### WHAT NEEDS TO BE DONE
In your copy of the entries below, keep every word exactly and leave out all images.

### DATASET RECORDS
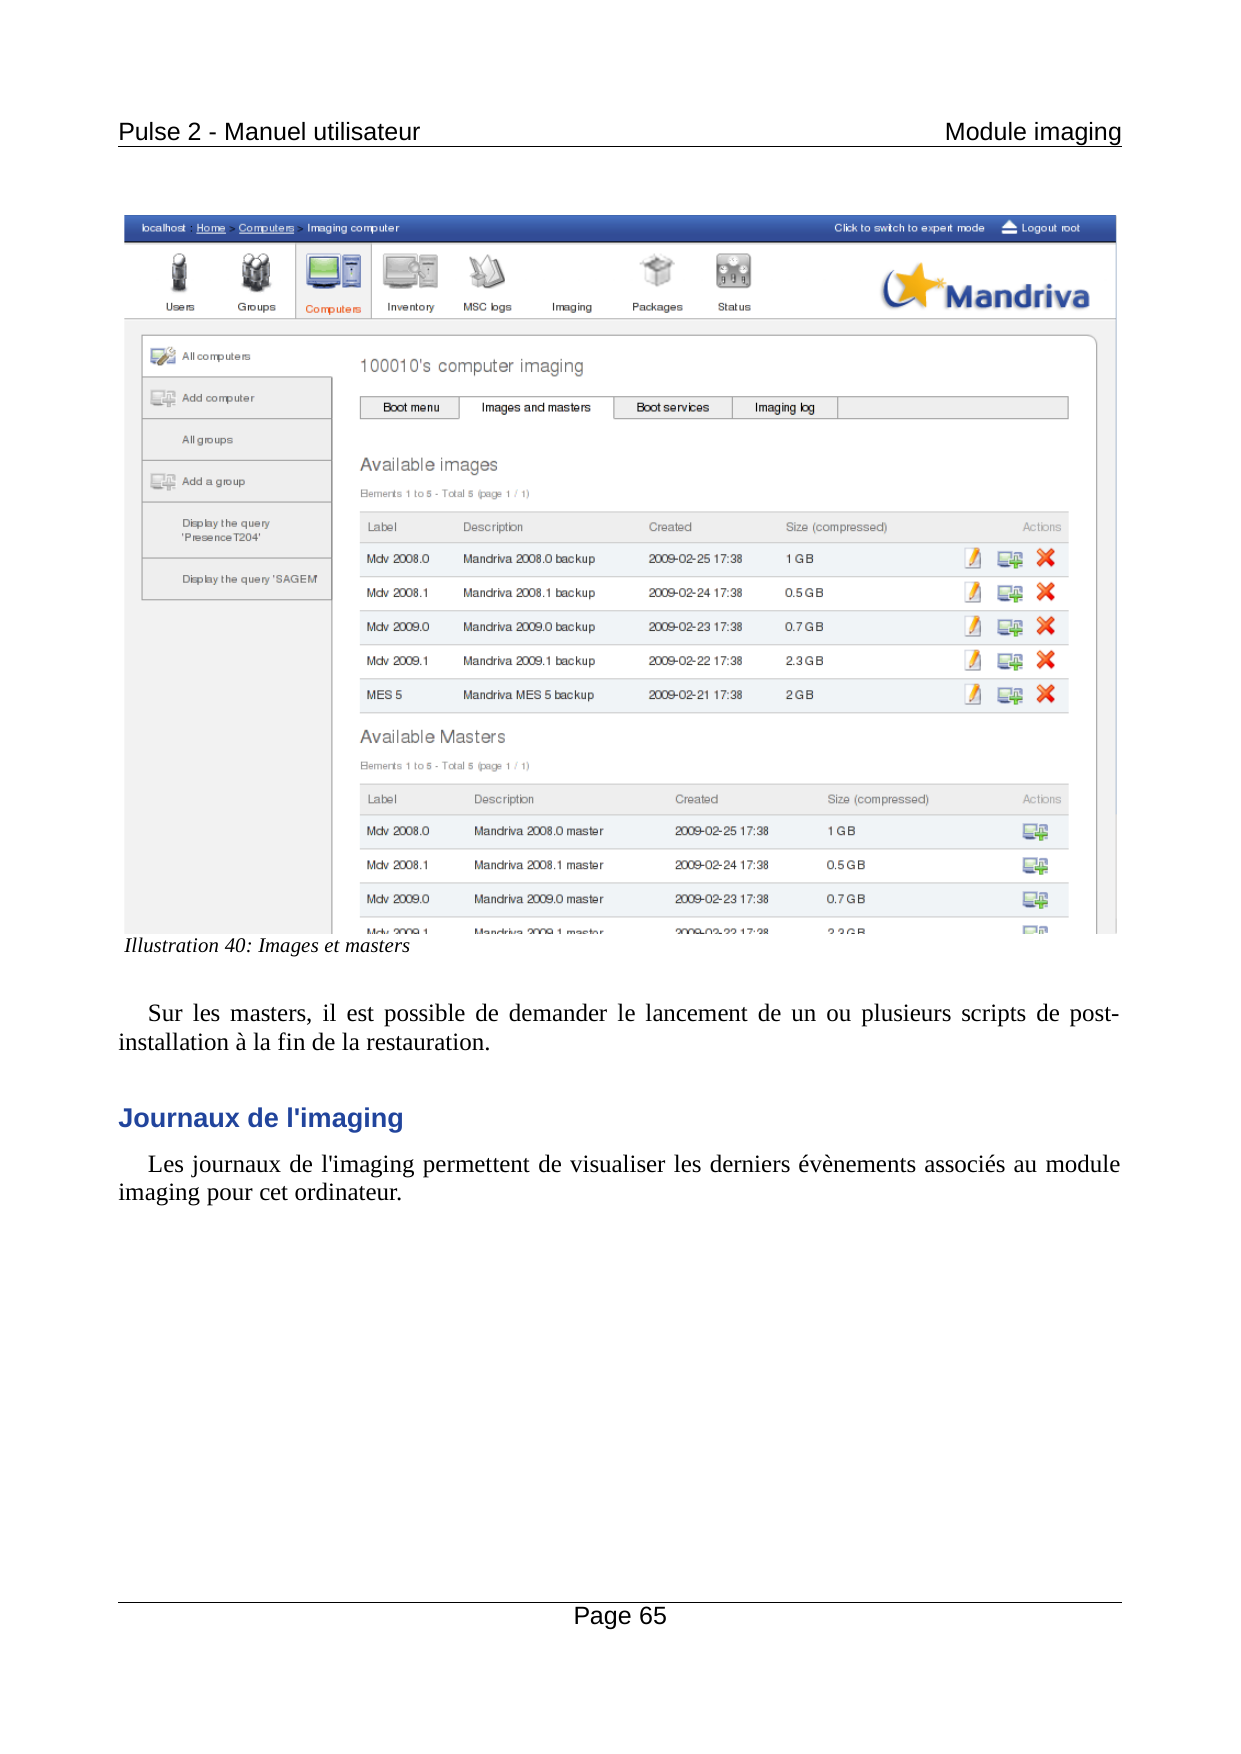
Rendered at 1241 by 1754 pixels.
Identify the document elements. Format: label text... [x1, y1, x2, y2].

text Sur les masters, il est possible de demander le lancement de un ou plusieurs scripts de post-installation à la fin de la restauration. [118, 176, 1122, 1055]
text Illustration 40: Images et masters [124, 934, 1116, 957]
text Les journaux de l'imaging permettent de visualiser les derniers évènements associés au module imaging pour cet ordinateur. [118, 1150, 1122, 1206]
subtitle Journaux de l'imaging [118, 1103, 1122, 1133]
picture [124, 215, 1117, 934]
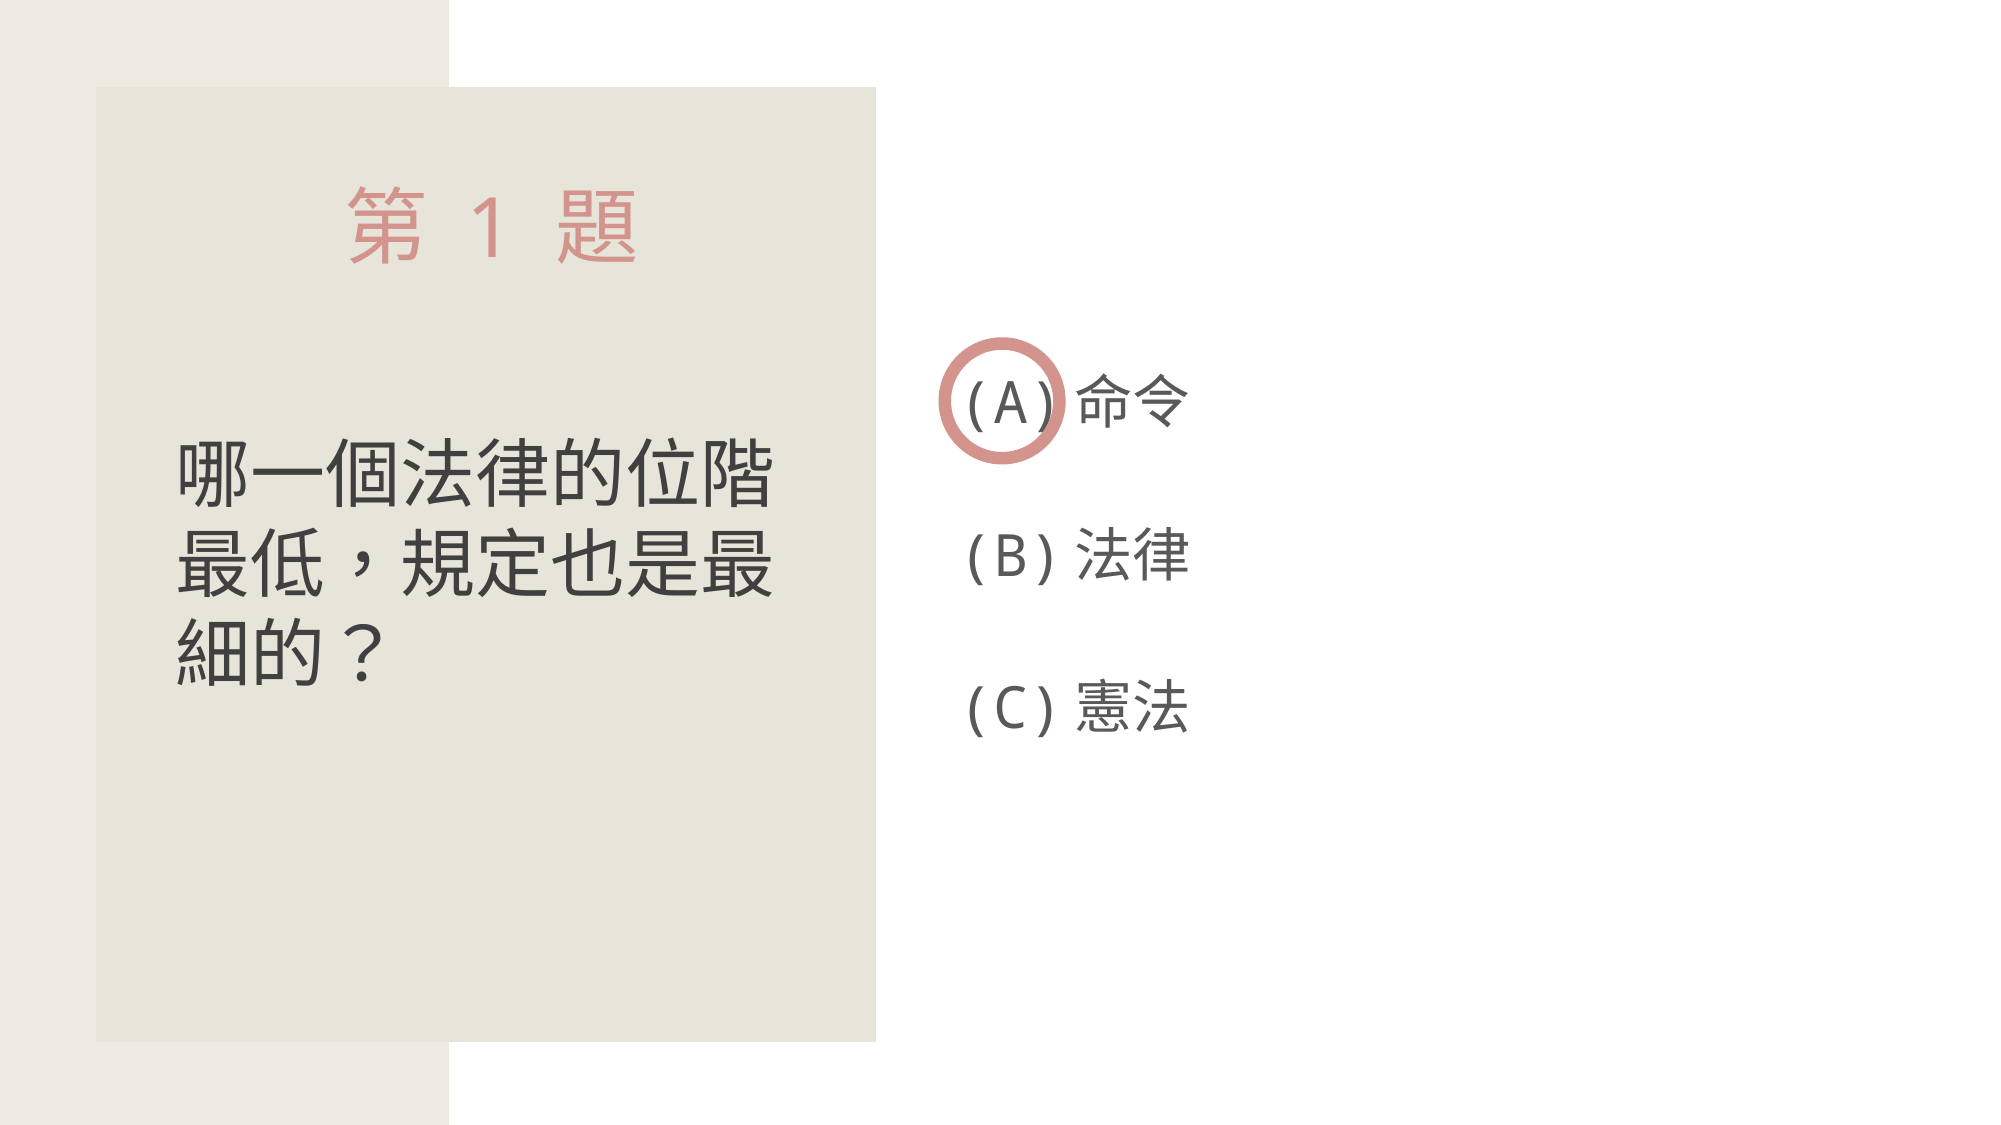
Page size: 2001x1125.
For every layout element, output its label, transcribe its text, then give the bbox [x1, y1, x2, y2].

text_box (C) [943, 662, 1059, 749]
text_box (A) [943, 357, 955, 375]
text_box 憲法 [1059, 662, 1863, 749]
text_box (A) [1050, 357, 1059, 370]
text_box 哪一個法律的位階最低，規定也是最細的？ [160, 417, 794, 706]
text_box (A) [943, 427, 954, 444]
text_box 第 1 題 [285, 165, 698, 282]
text_box (B) [943, 510, 1059, 597]
text_box 法律 [1059, 510, 1863, 597]
text_box 命令 [1059, 357, 1863, 444]
text_box (A) [952, 357, 1053, 444]
text_box (A) [1050, 432, 1059, 444]

### RESPONSE TO THE TASK
Rendered at 1241 by 1754 pixels.
Identify the document elements. Format: label text... [x1, y1, x2, y2].

text Sur les masters, il est possible de demander le lancement de un ou plusieurs scripts de post-installation à la fin de la restauration. [118, 176, 1122, 1055]
text Illustration 40: Images et masters [124, 934, 1116, 957]
text Les journaux de l'imaging permettent de visualiser les derniers évènements associés au module imaging pour cet ordinateur. [118, 1150, 1122, 1206]
subtitle Journaux de l'imaging [118, 1103, 1122, 1133]
picture [124, 215, 1117, 934]
Page size: 2001x1125.
For every layout element, output its label, transcribe its text, then give the bbox [x1, y1, x2, y2].

text_box (C) [943, 662, 1059, 749]
text_box (A) [943, 357, 955, 375]
text_box 憲法 [1059, 662, 1863, 749]
text_box (A) [1050, 357, 1059, 370]
text_box 哪一個法律的位階最低，規定也是最細的？ [160, 417, 794, 706]
text_box (A) [943, 427, 954, 444]
text_box 第 1 題 [285, 165, 698, 282]
text_box (B) [943, 510, 1059, 597]
text_box 法律 [1059, 510, 1863, 597]
text_box 命令 [1059, 357, 1863, 444]
text_box (A) [952, 357, 1053, 444]
text_box (A) [1050, 432, 1059, 444]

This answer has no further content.